“Berlusconi é o único capaz de parar o populismo na Itália”, afirma Antonio Tajani

Antonio Tajani, presidente do Parlamento Europeu e candidato de Berlusconi ao lugar de primeiro-ministro, arrisca-se a ter de regressar a Itália: a coligação Forza Italia está à frente de todas as sondagens sobre as eleições de amanhã.

O presidente do Parlamento Europeu, Antonio Tajani, poderá ter de regressar a Itália se se confirmar que a coligação liderada pelo antigo primeiro-ministro Sílvio Berlusconi ganhará as eleições gerais de amanhã. A Forza Itália – que surge à frente em todas as sondagens, avançará com a proposta de Tajani para assegurar um lugar que de verá ser particularmente difícil: a maioria absoluta está longe de qualquer das sondagens que foram sendo publicadas, e o país tende para uma espécie de um tripartidarismo – que tem todos os ingredientes para tornar a governação numa dor de cabeça constante. As duas outras pontas deste tripartidarismo são o Partido Democrático (de Matteo Renzi) e o Movimento 5 Estrelas (do comediante Beppe Grillo).

“Espero que na Itália as coisas funcionem bem e que a estabilidade seja preservada”, disse numa entrevista concedida ao jornal espanhol “El Pais”, durante a qual proferiu uma das mais inesperadas declarações políticas que era possível esperar da sua parte: depois de agradecer a confiança em si depositada por Berlusconi, Tajani afirmou que “Berlusconi é o único capaz de parar o populismo na Itália”.

Sendo Berlusconi reconhecidamente uma espécie de pai do moderno populismo italiano – que ter pergaminhos com várias décadas – a frase de Tajani é, no mínimo, surpreendente, mas talvez queira dizer que o provável próximo primeiro-ministro não seguirá o caminho de quem o convidou para assumir esse cargo.

“Agradeço a Berlusconi o seu convite; pediu-me para ser primeiro-ministro e acabei aceitando: sempre trabalhei para a Europa e para o meu país. Mas a decisão final é dos italianos nas eleições e do presidente da República”, explica.

Tajani (Roma, 1953) foi porta-voz de Berlusconi em 1994 e permaneceu fiel ao seu mentor contra todas as probabilidades. “Berlusconi é imprevisível”, admite, “mas a Europa compreende-o agora melhor do que antes e considera-o uma garantia de estabilidade na Itália, dado o risco que representa o extremismo”, disse ainda. Tajani quer que a Itália seja um país de moderação, de europeísmo e de estabilidade. Berlusconi é o único capaz de parar os pés do populismo na Itália “.

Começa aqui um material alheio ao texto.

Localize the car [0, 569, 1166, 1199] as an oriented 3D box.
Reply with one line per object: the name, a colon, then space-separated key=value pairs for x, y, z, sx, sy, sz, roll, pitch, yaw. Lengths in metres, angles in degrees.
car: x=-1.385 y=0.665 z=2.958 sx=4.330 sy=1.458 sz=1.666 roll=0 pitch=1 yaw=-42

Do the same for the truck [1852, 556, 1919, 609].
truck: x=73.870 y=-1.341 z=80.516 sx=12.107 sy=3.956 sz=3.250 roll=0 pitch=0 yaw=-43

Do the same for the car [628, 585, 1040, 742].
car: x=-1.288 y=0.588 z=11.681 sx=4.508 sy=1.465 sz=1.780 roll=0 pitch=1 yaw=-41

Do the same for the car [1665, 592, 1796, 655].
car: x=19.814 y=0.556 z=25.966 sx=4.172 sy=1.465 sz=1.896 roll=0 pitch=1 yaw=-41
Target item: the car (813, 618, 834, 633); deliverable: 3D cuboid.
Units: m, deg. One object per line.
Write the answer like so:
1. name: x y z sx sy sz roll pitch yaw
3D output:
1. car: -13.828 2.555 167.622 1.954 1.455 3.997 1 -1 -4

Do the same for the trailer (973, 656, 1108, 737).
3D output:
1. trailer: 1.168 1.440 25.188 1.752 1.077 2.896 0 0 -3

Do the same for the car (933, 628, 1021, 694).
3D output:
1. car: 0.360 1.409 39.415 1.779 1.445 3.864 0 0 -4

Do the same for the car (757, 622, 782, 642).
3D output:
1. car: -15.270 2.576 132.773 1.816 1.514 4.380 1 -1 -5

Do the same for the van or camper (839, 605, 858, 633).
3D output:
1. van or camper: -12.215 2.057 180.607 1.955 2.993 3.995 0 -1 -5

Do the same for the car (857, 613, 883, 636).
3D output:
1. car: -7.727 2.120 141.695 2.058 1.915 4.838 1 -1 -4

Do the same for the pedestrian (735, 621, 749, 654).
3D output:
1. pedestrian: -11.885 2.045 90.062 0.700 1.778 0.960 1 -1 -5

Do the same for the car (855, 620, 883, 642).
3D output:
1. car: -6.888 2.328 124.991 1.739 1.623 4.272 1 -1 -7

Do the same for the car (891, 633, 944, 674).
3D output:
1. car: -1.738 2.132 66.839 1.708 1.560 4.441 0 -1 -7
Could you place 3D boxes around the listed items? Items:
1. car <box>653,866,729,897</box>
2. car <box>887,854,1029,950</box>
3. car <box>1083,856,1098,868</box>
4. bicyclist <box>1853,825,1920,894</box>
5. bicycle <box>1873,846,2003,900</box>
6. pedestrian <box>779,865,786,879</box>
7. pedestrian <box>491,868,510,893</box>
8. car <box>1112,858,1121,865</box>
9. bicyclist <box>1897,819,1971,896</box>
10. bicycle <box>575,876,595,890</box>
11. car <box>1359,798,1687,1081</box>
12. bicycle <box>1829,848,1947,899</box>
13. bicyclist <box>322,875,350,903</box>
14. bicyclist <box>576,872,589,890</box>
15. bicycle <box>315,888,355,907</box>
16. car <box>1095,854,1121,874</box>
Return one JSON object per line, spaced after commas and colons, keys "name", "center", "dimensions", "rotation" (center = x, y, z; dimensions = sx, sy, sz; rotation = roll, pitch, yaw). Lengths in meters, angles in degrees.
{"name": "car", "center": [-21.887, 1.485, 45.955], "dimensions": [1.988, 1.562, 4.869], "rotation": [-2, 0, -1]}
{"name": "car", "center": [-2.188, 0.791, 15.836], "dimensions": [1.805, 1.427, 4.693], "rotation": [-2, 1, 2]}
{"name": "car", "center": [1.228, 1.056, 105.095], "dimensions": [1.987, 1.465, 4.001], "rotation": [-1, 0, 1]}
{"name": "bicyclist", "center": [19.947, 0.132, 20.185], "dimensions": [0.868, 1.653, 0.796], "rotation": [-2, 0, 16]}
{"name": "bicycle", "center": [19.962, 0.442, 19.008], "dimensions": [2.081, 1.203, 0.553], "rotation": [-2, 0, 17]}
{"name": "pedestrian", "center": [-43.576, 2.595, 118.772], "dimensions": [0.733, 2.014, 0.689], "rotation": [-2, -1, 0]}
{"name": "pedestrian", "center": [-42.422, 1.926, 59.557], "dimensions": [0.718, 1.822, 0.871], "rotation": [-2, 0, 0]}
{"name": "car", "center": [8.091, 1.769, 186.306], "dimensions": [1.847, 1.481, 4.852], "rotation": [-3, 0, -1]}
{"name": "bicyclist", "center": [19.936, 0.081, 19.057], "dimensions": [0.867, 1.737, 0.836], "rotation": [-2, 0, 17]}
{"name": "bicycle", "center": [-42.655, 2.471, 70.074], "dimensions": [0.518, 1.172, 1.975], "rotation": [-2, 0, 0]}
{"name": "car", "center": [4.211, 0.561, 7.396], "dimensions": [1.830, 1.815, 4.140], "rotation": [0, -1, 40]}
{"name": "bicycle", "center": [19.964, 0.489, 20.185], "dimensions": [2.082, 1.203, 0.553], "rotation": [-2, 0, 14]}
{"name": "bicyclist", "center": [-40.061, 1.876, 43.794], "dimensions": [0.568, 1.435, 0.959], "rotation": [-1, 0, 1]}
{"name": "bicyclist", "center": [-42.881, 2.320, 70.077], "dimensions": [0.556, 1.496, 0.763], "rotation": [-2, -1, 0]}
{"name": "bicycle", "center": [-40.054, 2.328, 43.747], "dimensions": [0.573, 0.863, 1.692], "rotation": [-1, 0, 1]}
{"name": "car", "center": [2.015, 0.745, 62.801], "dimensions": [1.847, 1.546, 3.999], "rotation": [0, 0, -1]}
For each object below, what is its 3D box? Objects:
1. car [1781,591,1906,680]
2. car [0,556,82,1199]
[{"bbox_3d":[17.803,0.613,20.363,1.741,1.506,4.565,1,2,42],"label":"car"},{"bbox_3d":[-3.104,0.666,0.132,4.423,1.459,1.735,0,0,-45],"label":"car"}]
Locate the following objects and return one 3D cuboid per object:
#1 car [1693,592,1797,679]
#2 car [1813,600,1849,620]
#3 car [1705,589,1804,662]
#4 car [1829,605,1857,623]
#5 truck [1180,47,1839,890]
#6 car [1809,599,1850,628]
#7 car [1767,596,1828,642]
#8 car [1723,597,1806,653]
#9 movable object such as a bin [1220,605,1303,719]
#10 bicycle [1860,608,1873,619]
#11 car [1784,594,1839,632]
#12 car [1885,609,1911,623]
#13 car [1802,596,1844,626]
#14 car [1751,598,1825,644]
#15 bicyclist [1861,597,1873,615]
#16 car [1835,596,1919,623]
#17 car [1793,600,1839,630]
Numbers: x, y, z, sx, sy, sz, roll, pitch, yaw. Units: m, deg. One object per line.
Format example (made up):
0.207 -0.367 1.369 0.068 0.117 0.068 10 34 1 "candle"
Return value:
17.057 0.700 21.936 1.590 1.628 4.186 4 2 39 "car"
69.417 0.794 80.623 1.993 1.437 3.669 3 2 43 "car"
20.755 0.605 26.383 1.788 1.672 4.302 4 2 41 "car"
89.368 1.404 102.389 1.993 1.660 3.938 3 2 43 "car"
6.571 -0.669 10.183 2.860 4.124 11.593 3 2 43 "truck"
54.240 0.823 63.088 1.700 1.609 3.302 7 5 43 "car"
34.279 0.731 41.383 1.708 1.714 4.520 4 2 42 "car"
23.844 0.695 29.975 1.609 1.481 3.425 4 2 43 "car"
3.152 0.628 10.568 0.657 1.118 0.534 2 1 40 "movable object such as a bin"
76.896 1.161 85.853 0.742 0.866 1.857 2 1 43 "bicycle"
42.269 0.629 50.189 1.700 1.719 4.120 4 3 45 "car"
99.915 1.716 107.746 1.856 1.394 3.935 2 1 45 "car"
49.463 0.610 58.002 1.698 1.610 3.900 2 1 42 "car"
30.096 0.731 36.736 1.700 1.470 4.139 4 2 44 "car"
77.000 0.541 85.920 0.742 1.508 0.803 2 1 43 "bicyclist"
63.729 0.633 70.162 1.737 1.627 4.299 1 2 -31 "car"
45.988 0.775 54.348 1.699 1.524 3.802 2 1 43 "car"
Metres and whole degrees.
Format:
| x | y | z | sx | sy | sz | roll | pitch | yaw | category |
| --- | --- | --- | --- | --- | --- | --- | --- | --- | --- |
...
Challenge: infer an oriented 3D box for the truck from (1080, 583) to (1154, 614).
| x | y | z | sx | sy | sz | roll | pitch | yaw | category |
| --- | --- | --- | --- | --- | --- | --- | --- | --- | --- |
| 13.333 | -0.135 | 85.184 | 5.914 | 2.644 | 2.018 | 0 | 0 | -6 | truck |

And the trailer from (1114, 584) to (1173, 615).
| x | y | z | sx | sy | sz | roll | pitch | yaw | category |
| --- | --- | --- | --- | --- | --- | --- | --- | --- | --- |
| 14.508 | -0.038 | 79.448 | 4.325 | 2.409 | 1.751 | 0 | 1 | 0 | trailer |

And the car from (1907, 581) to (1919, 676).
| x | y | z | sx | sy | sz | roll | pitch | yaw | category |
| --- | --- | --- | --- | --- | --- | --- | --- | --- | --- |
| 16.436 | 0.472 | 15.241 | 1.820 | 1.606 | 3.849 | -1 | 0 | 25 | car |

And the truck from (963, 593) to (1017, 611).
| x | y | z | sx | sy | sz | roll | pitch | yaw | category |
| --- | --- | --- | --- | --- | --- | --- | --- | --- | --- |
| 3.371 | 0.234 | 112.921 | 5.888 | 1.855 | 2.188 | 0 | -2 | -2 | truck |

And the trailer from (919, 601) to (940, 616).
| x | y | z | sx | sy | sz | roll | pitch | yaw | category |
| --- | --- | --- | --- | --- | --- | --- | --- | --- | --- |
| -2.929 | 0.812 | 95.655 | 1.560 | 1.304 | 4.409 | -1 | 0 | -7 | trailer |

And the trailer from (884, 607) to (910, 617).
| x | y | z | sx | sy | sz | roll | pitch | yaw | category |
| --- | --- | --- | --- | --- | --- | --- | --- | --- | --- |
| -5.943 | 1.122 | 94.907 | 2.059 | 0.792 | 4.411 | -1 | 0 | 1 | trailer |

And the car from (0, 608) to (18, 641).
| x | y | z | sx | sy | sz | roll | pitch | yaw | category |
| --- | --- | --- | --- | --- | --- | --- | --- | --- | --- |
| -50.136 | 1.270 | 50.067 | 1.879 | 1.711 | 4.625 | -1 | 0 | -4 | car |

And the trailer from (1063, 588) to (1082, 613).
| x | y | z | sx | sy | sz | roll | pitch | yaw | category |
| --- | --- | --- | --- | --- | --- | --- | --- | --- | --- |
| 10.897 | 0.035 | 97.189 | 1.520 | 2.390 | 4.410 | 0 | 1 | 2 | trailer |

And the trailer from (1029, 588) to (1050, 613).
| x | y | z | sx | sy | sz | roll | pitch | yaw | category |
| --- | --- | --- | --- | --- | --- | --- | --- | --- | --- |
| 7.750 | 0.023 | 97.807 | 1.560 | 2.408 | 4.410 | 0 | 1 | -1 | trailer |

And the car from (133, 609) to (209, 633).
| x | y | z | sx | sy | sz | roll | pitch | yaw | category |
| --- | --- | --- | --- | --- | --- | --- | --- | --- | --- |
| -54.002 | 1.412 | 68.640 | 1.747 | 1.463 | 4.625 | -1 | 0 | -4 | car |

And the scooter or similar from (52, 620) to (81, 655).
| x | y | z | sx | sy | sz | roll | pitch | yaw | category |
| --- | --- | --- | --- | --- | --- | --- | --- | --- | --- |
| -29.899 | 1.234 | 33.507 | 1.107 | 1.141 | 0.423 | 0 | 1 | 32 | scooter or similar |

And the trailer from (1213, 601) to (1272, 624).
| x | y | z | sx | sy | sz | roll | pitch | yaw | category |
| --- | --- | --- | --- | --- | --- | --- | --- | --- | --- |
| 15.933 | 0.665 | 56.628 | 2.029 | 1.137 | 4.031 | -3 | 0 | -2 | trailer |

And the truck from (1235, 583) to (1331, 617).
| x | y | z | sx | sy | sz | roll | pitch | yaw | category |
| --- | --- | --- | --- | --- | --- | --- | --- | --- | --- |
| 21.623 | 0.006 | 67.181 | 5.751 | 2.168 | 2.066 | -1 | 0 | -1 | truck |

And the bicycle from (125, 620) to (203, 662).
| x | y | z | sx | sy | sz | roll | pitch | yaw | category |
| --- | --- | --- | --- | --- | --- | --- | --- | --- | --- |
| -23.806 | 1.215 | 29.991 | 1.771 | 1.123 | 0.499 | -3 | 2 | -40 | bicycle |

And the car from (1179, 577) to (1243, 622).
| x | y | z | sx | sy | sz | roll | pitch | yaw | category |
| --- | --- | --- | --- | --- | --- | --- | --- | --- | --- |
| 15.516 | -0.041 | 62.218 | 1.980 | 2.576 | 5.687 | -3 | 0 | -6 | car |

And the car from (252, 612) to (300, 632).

Os resultados do domingo deixarão um Parlamento italiano atomizado, que Tajani comenta assim: “Esta situação repete-se em toda a Europa: a Alemanha tem estado sem governo desde setembro. Uma grande crise como a que sentimos, que deixou tantas cicatrizes na cidadania, terá necessariamente consequências políticas inesperadas. Mas a Itália mostrou há décadas que sabe como navegar em águas turbulentas”.

Por outro lado, Tajani debate-se com um dilema. O seu antecessor à frente do Parlamento Europeu, o alemão Martin Schulz, deixou Bruxelas para liderar os social-democratas alemães e acabou ‘morto’ para a política. Mas isso, diz, não o assusta.

Talvez assuste uma das suas opções estratégicas: “É importante que, nos próximos anos, a Espanha e a Itália sejam mais protagonistas. Isso é do interesse da Europa. Somos essenciais: é hora de esses dois países recuperar a centralidade. Em áreas capitais, como a defesa, a segurança e a imigração, Madrid e Roma devem ser importantes”, como também nas decisões de política económica. Tajani irá em breve a Espanha, para participar no congresso do Partido Popular Europeu, em Valência.

O problema é que talvez a União Europeia seja demasiado pequena para sobreviver a dois eixos: Paris-Berlim e Madrid-Roma – dado que isso iria criar uma espécie de concorrência que certamente não seria benéfica para ninguém.

Amanhã se verá para que lado corre a Itália.